The history of factory electrification provides profound insights into current AI dynamics and the strategic initiatives enterprises must undertake to capture its true value.

At the recent Decision Day 2026 event held at Les Invalides, Vincent Luciani, Co-founder and Executive Chairman of Artefact, shared his strategic vision for organizational transformation in the face of accelerating technological advancement. This article highlights the core takeaways from the opening plenary session, focusing on the commoditization of AI, the historical analogy of factory electrification, and the three managerial and structural shifts essential for translating operational ROI into sustainable financial value.

Electricity: A foundational lesson

Before the advent of electricity, factories generated their own power. A basement steam engine drove a main driveshaft running through the workshop, with belts distributing power to machines based on their proximity to the central axis.

The introduction of the alternator and the three-phase motor changed everything. By enabling long-distance power transmission without voltage drop, these innovations transformed energy into an accessible commodity available to everyone at the same price. Generating one’s own power ceased to be a competitive advantage.

Yet, despite this major innovation, productivity gains were not immediate. Factories initially just plugged their existing machinery into the new grid without altering their layout.

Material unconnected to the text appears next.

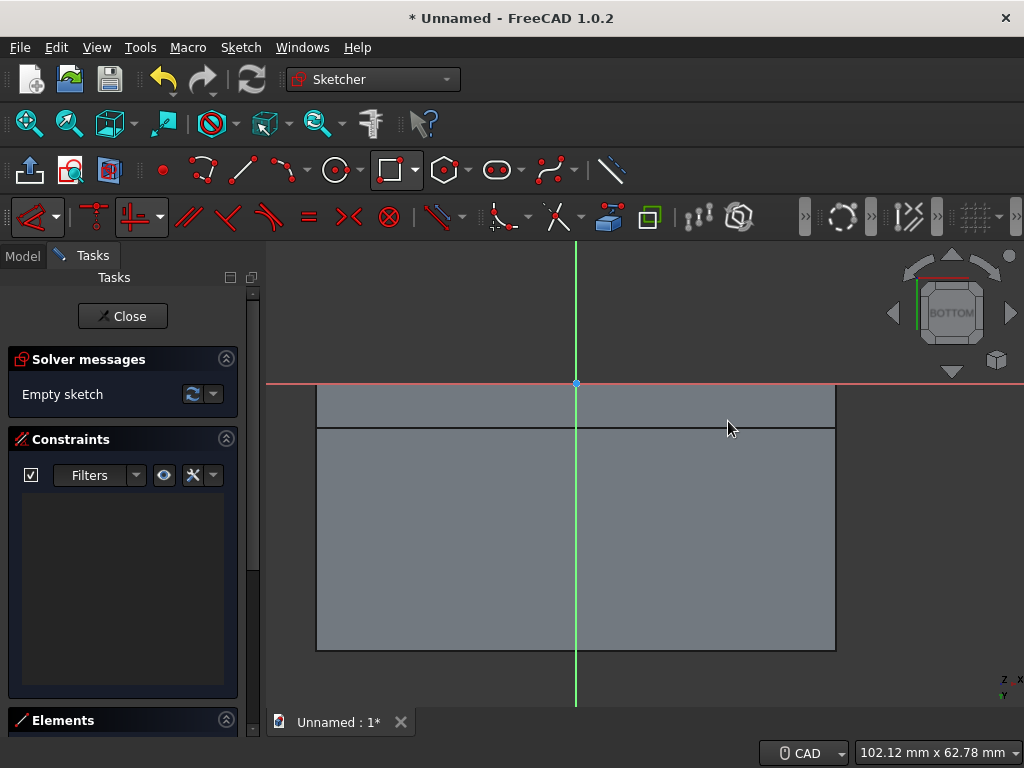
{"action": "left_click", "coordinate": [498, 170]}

The true productivity breakthrough occurred later, when industrialists seized the opportunity to entirely redesign workflow organization: continuous-flow assembly lines, standardized motions through Taylorism, and three-shift rotating schedules ($3\times8$). This systemic transformation triggered the productivity explosion of the early 20th century and established a framework for sustainable competitive differentiation.

The commoditization of AI

Today, AI is following the exact same trajectory as electricity did a century ago; the market signals are converging and unambiguous.

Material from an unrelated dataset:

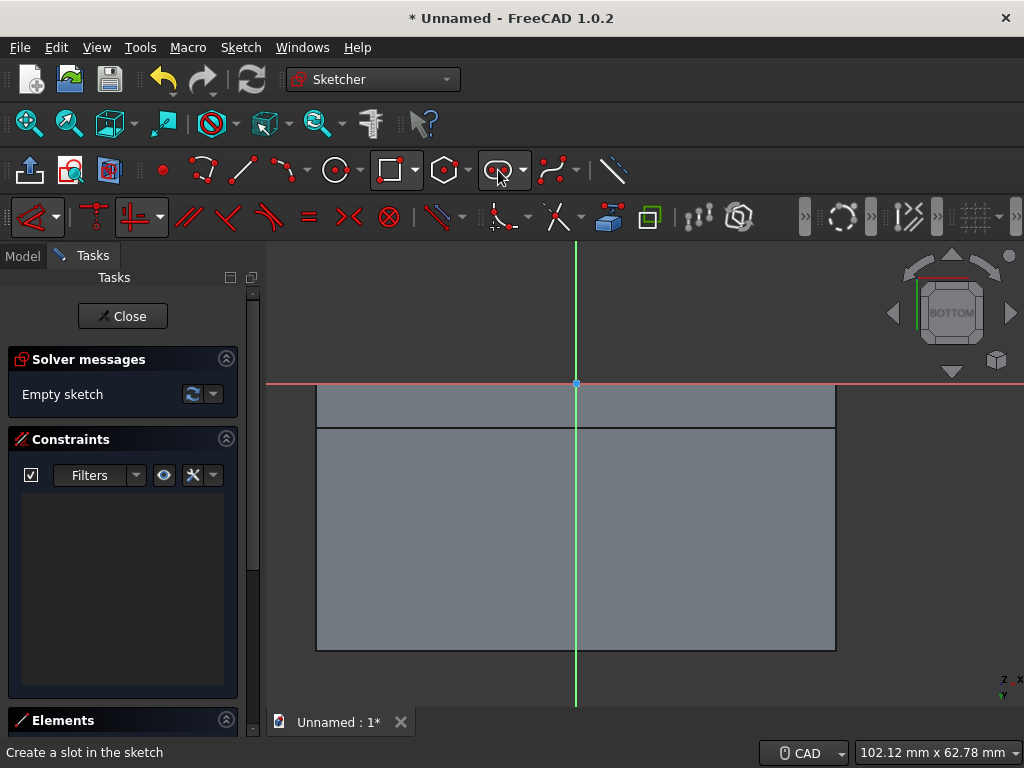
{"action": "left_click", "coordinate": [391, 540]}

  • Model convergence is accelerating: In March 2026, the leading proprietary model outperformed the top open-weight model by a mere 3.3%. The performance gap between competing solutions is structurally narrowing.
  • Costs are collapsing: For equivalent performance levels, the price of artificial intelligence is dropping precipitously; the inference cost of a system on par with GPT-3.5 plummeted by a factor of 200 between 2022 and 2024.
  • Value is shifting: Value is migrating away from the underlying models themselves toward application layers and integration services. AI is becoming infrastructure.

Why AI investments have yet to reflect in financial results

Adoption is massive: nearly 90% of organizations now leverage AI in at least one business function, and generative AI expenditures could surpass $100 billion in 2026. However, top-line and bottom-line results still fall short of their potential.

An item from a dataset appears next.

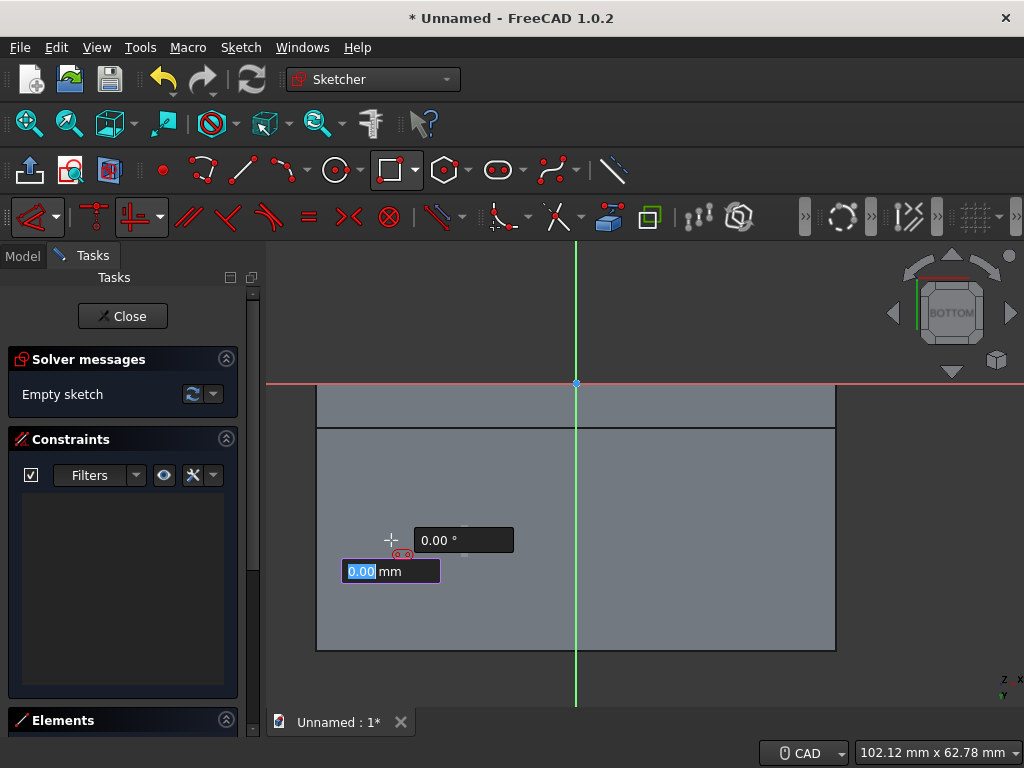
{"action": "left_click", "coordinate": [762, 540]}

While many enterprises report localized operational ROI—such as higher volumes of processed cases or reduced handling times per file—they struggle to translate these gains into ultimate value creation: namely, revenue growth or structural cost reduction.

The diagnosis mirrors the electrification era: companies have plugged AI into their existing organizational frameworks without modifying their foundational structures. Systemic transformation has not yet occurred.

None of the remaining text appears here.